Herod ruled over the area where Jesus was working known as Galilee. Herod was not a Jew; he was an Edomite, placed as a puppet king by the Roman emperor. His father was Herod the Great, the king who ruled when Jesus was born. The whole family were bad news, being harsh and immoral. People were speculating about who Jesus was, thinking He was a prophet of old, perhaps Elijah, having risen from the dead. But Herod declared that He was John, the man whom he beheaded. So far we have not heard of this happening, but the story is about to unfold. We will examine this in our next study.

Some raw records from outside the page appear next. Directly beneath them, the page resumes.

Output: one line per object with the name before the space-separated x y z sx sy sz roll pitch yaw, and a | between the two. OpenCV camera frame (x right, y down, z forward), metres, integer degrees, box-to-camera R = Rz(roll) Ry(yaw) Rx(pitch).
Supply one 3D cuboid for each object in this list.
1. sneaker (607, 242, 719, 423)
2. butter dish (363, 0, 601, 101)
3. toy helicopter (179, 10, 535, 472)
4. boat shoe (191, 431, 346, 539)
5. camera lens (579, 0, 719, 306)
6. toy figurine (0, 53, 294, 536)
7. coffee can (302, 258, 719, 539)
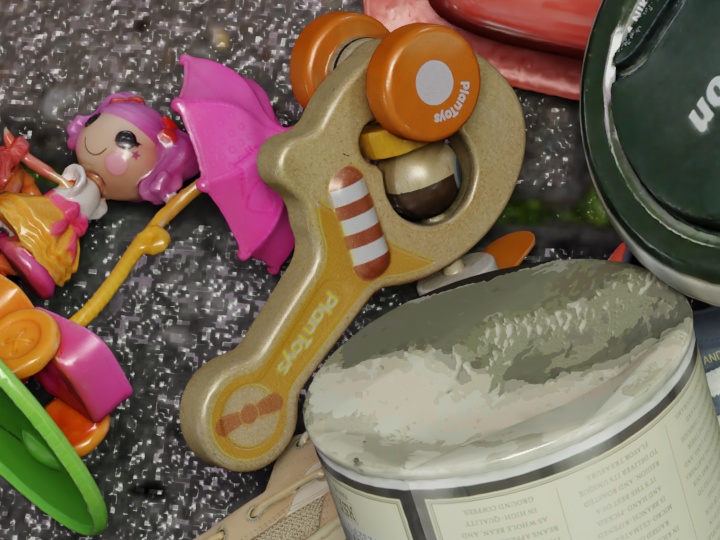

Today we have seen how one group, His family and friends wanted Jesus to remain as one of them, not as their Lord and Master. Then there are these others we just read about who have learned of the reputation of Jesus, seeing Him as a person of some standing. The question of Jesus’ identity is being raised by Mark throughout his Gospel. The narrative answers the question. Jesus is more than a carpenter and more than a prophet. He is the eternal Son of God, member of the Holy Trinity. The reason for His outstanding words and His mighty miracles is that He is Lord of earth and heaven, doing the will of His Father. We can easily see that Jesus is no trickster, fooling the people. Neither is He a self-deceived fool. He is just who He claimed to be.

This question is the most important we will face in life. Who we think Jesus is, will determine what we do with Him, that is, either receive Him or reject Him. That in turn will determine what He will do with us in the last judgment. We must face this issue seriously. Blessing awaits those who reach out and accept Him.